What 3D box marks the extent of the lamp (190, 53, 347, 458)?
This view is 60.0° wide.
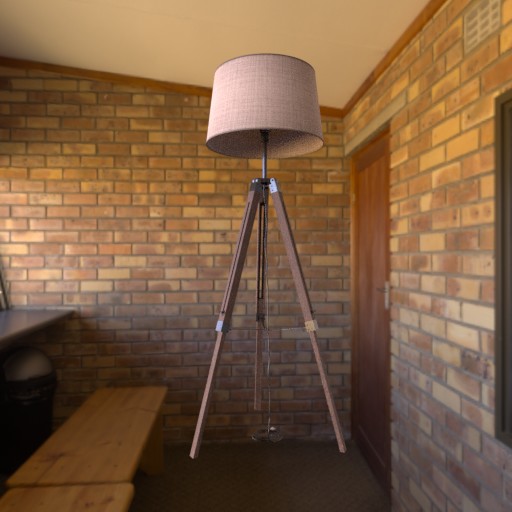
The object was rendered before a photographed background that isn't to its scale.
[{"bbox_3d":[0.000,0.000,1.830,0.587,1.510,0.604,0,0,-36],"label":"lamp"}]
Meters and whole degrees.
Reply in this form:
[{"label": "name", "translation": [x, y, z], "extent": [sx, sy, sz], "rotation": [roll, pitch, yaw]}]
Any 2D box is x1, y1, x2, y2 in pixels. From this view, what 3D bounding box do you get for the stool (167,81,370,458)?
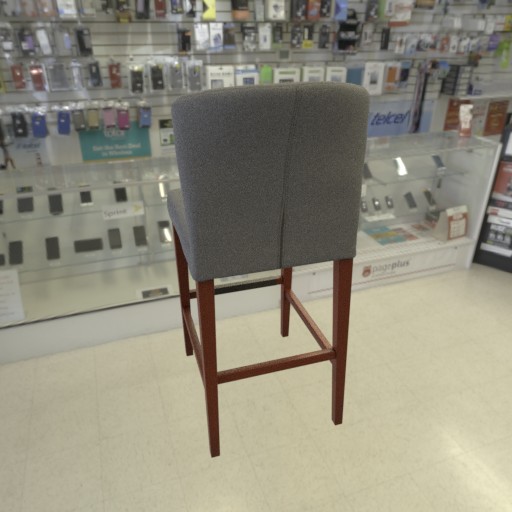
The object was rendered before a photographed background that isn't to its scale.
[{"label": "stool", "translation": [0.000, 0.000, 1.378], "extent": [0.481, 1.069, 0.568], "rotation": [-8, 29, -15]}]
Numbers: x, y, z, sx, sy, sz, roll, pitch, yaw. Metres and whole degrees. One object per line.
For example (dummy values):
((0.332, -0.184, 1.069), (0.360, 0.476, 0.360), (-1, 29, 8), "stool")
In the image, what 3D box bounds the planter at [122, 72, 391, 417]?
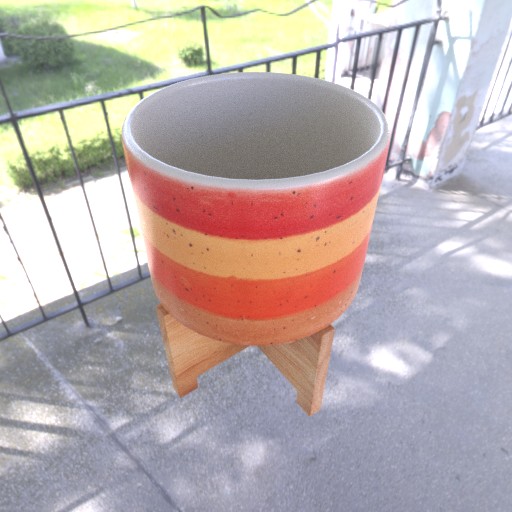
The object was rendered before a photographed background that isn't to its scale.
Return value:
((0.000, 0.000, 0.406), (0.199, 0.268, 0.199), (0, 41, 0), "planter")
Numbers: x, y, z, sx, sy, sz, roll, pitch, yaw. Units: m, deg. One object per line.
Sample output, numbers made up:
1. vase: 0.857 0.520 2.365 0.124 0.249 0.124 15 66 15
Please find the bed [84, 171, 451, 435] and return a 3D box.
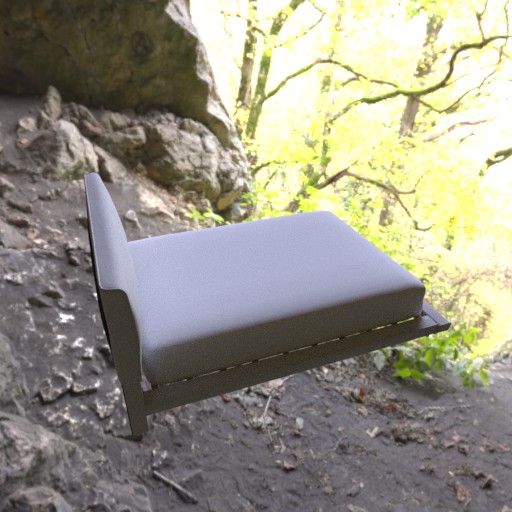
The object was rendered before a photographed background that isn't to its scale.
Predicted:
1. bed: 0.000 0.000 3.457 2.368 1.067 1.840 -11 32 -18
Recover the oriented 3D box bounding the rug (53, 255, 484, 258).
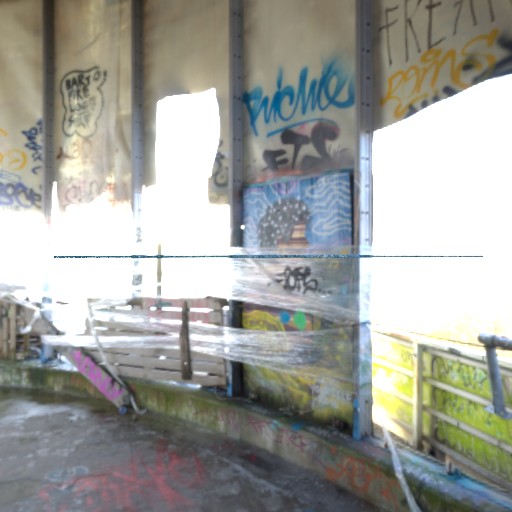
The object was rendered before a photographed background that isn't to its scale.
[{"bbox_3d":[0.000,0.000,2.896,2.277,0.015,1.490,0,0,-19],"label":"rug"}]
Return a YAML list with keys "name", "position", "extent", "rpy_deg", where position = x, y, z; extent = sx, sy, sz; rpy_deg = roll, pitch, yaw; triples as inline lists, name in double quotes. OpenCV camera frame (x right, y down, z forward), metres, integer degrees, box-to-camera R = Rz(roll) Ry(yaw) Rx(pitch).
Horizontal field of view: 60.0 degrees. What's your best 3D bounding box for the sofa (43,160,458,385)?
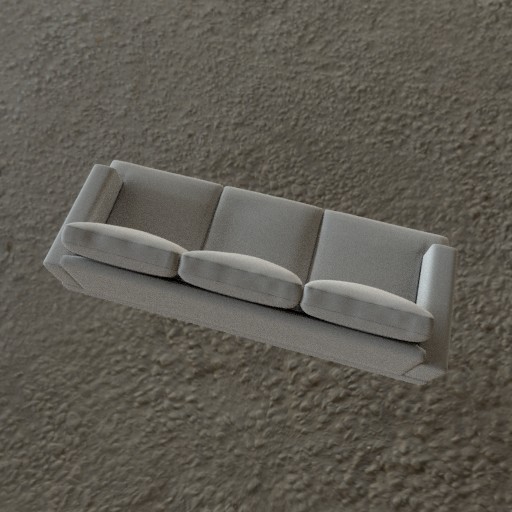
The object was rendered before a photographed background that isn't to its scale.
- name: "sofa"
  position: [0.000, 0.000, 2.738]
  extent: [2.310, 0.810, 0.920]
  rpy_deg: [14, 66, 6]
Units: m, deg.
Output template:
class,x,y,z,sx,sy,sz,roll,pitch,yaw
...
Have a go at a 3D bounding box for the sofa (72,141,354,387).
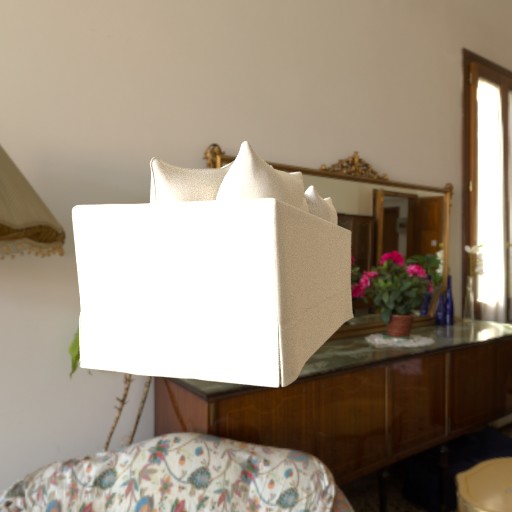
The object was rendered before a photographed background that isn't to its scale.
class,x,y,z,sx,sy,sz,roll,pitch,yaw
sofa,0.000,0.000,2.916,1.031,1.034,2.290,0,0,19
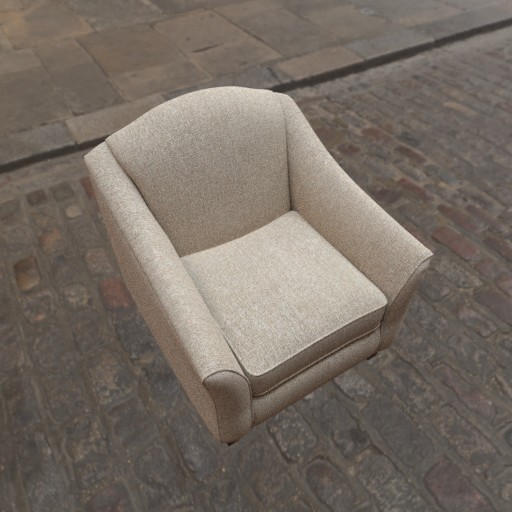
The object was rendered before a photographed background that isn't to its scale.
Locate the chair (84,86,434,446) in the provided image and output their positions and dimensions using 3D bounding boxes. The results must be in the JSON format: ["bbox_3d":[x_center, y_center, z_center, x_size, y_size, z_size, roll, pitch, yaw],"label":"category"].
[{"bbox_3d":[0.000,0.000,1.457,0.763,0.839,0.787,-24,51,-22],"label":"chair"}]
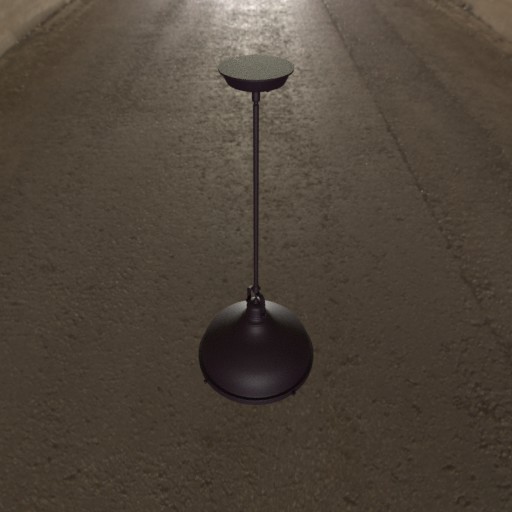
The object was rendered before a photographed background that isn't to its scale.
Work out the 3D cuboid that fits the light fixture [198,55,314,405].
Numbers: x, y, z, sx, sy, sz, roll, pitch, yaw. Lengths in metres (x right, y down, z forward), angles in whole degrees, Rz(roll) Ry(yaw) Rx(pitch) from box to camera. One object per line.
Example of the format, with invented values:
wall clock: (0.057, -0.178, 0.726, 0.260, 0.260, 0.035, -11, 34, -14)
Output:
light fixture: (0.000, 0.000, 1.031, 0.341, 0.849, 0.341, -25, 47, -27)
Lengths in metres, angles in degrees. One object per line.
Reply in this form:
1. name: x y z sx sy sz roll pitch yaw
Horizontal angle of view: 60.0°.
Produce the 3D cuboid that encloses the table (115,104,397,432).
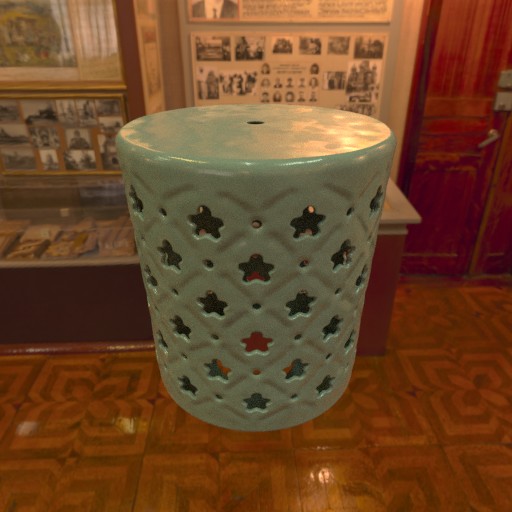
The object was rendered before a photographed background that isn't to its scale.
1. table: 0.000 0.000 0.658 0.352 0.387 0.352 0 28 0
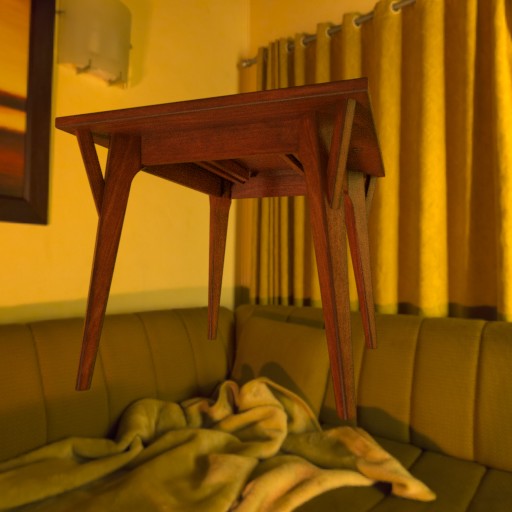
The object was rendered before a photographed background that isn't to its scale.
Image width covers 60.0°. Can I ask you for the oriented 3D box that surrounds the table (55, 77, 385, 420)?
[{"bbox_3d":[0.000,0.000,1.551,0.838,0.761,0.991,0,-1,18],"label":"table"}]
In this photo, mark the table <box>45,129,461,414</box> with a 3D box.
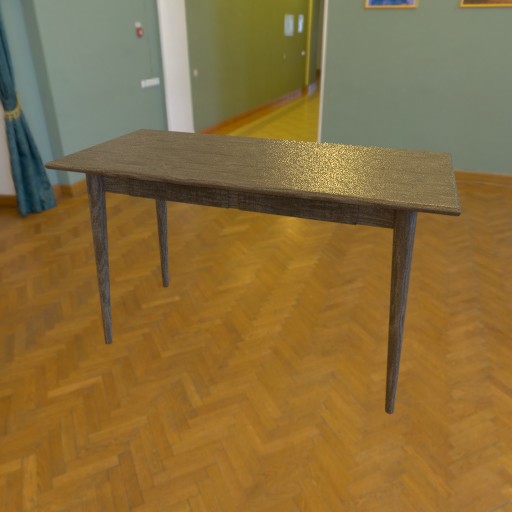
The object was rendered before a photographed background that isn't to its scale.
[{"bbox_3d":[0.000,0.000,1.732,1.300,0.780,0.599,9,29,17],"label":"table"}]
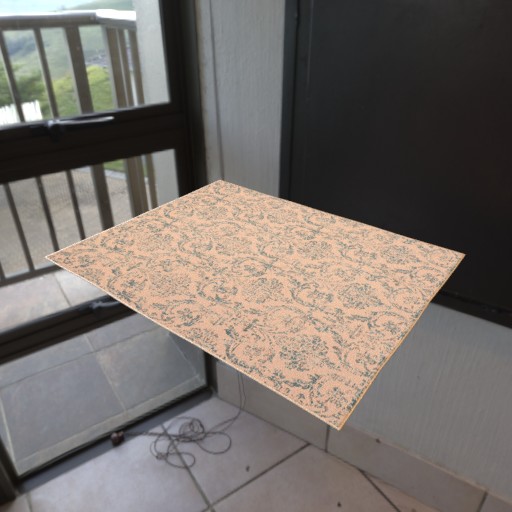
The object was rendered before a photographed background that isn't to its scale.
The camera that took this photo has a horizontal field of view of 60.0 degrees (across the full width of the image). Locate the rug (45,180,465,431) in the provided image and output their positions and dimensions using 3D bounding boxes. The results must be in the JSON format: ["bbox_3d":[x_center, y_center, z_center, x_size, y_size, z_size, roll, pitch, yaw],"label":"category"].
[{"bbox_3d":[0.000,0.000,4.000,2.980,0.012,2.363,22,37,32],"label":"rug"}]
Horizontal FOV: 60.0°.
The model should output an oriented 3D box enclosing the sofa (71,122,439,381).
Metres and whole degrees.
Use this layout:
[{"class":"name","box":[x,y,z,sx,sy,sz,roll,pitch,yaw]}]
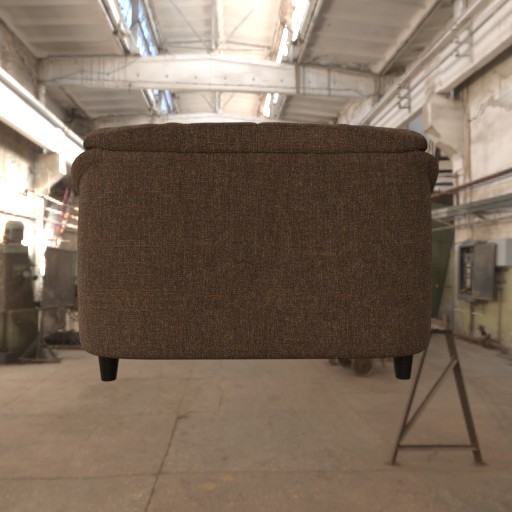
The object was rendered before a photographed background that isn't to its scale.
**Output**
[{"class":"sofa","box":[0.000,0.000,1.857,1.404,0.895,0.799,0,-1,-1]}]
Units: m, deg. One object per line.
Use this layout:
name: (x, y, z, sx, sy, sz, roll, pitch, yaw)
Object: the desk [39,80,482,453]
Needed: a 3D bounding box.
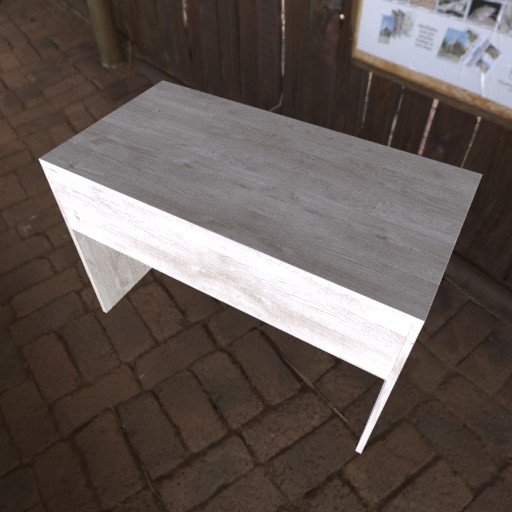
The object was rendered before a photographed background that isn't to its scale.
desk: (0.000, 0.000, 1.497, 1.100, 0.730, 0.560, 23, 51, 20)
---+---
- **Exercise brief**
Transcribe every line of the records exactly. Pictures do not belong in the copy.

- **Result of this task**
What 3D box marks the extent of the lamp (190, 53, 347, 458)?
This view is 60.0° wide.
The object was rendered before a photographed background that isn't to its scale.
[{"bbox_3d":[0.000,0.000,1.830,0.587,1.510,0.604,0,0,-36],"label":"lamp"}]
Meters and whole degrees.
Reply in this form:
[{"label": "name", "translation": [x, y, z], "extent": [sx, sy, sz], "rotation": [roll, pitch, yaw]}]
Any 2D box is x1, y1, x2, y2 in pixels. From this view, what 3D bounding box do you get for the stool (167,81,370,458)?
The object was rendered before a photographed background that isn't to its scale.
[{"label": "stool", "translation": [0.000, 0.000, 1.378], "extent": [0.481, 1.069, 0.568], "rotation": [-8, 29, -15]}]
Numbers: x, y, z, sx, sy, sz, roll, pitch, yaw. Metres and whole degrees. One object per line.
For example (dummy values):
((0.332, -0.184, 1.069), (0.360, 0.476, 0.360), (-1, 29, 8), "stool")
In the image, what 3D box bounds the planter at [122, 72, 391, 417]?
The object was rendered before a photographed background that isn't to its scale.
Return value:
((0.000, 0.000, 0.406), (0.199, 0.268, 0.199), (0, 41, 0), "planter")
Numbers: x, y, z, sx, sy, sz, roll, pitch, yaw. Units: m, deg. One object per line.
Sample output, numbers made up:
1. vase: 0.857 0.520 2.365 0.124 0.249 0.124 15 66 15
Please find the bed [84, 171, 451, 435] and return a 3D box.
The object was rendered before a photographed background that isn't to its scale.
Predicted:
1. bed: 0.000 0.000 3.457 2.368 1.067 1.840 -11 32 -18
Recover the oriented 3D box bounding the rug (53, 255, 484, 258).
The object was rendered before a photographed background that isn't to its scale.
[{"bbox_3d":[0.000,0.000,2.896,2.277,0.015,1.490,0,0,-19],"label":"rug"}]
Return a YAML list with keys "name", "position", "extent", "rpy_deg", where position = x, y, z; extent = sx, sy, sz; rpy_deg = roll, pitch, yaw; triples as inline lists, name in double quotes. OpenCV camera frame (x right, y down, z forward), metres, integer degrees, box-to-camera R = Rz(roll) Ry(yaw) Rx(pitch).
Horizontal field of view: 60.0 degrees. What's your best 3D bounding box for the sofa (43,160,458,385)?
The object was rendered before a photographed background that isn't to its scale.
- name: "sofa"
  position: [0.000, 0.000, 2.738]
  extent: [2.310, 0.810, 0.920]
  rpy_deg: [14, 66, 6]
Units: m, deg.
Output template:
class,x,y,z,sx,sy,sz,roll,pitch,yaw
...
Have a go at a 3D bounding box for the sofa (72,141,354,387).
The object was rendered before a photographed background that isn't to its scale.
class,x,y,z,sx,sy,sz,roll,pitch,yaw
sofa,0.000,0.000,2.916,1.031,1.034,2.290,0,0,19
The object was rendered before a photographed background that isn't to its scale.
Locate the chair (84,86,434,446) in the provided image and output their positions and dimensions using 3D bounding boxes. The results must be in the JSON format: ["bbox_3d":[x_center, y_center, z_center, x_size, y_size, z_size, roll, pitch, yaw],"label":"category"].
[{"bbox_3d":[0.000,0.000,1.457,0.763,0.839,0.787,-24,51,-22],"label":"chair"}]
The object was rendered before a photographed background that isn't to its scale.
Work out the 3D cuboid that fits the light fixture [198,55,314,405].
Numbers: x, y, z, sx, sy, sz, roll, pitch, yaw. Lengths in metres (x right, y down, z forward), angles in whole degrees, Rz(roll) Ry(yaw) Rx(pitch) from box to camera. One object per line.
Example of the format, with invented values:
wall clock: (0.057, -0.178, 0.726, 0.260, 0.260, 0.035, -11, 34, -14)
Output:
light fixture: (0.000, 0.000, 1.031, 0.341, 0.849, 0.341, -25, 47, -27)
Lengths in metres, angles in degrees. One object per line.
Reply in this form:
1. name: x y z sx sy sz roll pitch yaw
Horizontal angle of view: 60.0°.
Produce the 3D cuboid that encloses the table (115,104,397,432).
The object was rendered before a photographed background that isn't to its scale.
1. table: 0.000 0.000 0.658 0.352 0.387 0.352 0 28 0
The object was rendered before a photographed background that isn't to its scale.
Image width covers 60.0°. Can I ask you for the oriented 3D box that surrounds the table (55, 77, 385, 420)?
[{"bbox_3d":[0.000,0.000,1.551,0.838,0.761,0.991,0,-1,18],"label":"table"}]
In this photo, mark the table <box>45,129,461,414</box> with a 3D box.
The object was rendered before a photographed background that isn't to its scale.
[{"bbox_3d":[0.000,0.000,1.732,1.300,0.780,0.599,9,29,17],"label":"table"}]
The object was rendered before a photographed background that isn't to its scale.
The camera that took this photo has a horizontal field of view of 60.0 degrees (across the full width of the image). Locate the rug (45,180,465,431) in the provided image and output their positions and dimensions using 3D bounding boxes. The results must be in the JSON format: ["bbox_3d":[x_center, y_center, z_center, x_size, y_size, z_size, roll, pitch, yaw],"label":"category"].
[{"bbox_3d":[0.000,0.000,4.000,2.980,0.012,2.363,22,37,32],"label":"rug"}]
Horizontal FOV: 60.0°.
The model should output an oriented 3D box enclosing the sofa (71,122,439,381).
Metres and whole degrees.
Use this layout:
[{"class":"name","box":[x,y,z,sx,sy,sz,roll,pitch,yaw]}]
The object was rendered before a photographed background that isn't to its scale.
**Output**
[{"class":"sofa","box":[0.000,0.000,1.857,1.404,0.895,0.799,0,-1,-1]}]
Units: m, deg. One object per line.
Use this layout:
name: (x, y, z, sx, sy, sz, roll, pitch, yaw)
Object: the desk [39,80,482,453]
Needed: a 3D bounding box.
The object was rendered before a photographed background that isn't to its scale.
desk: (0.000, 0.000, 1.497, 1.100, 0.730, 0.560, 23, 51, 20)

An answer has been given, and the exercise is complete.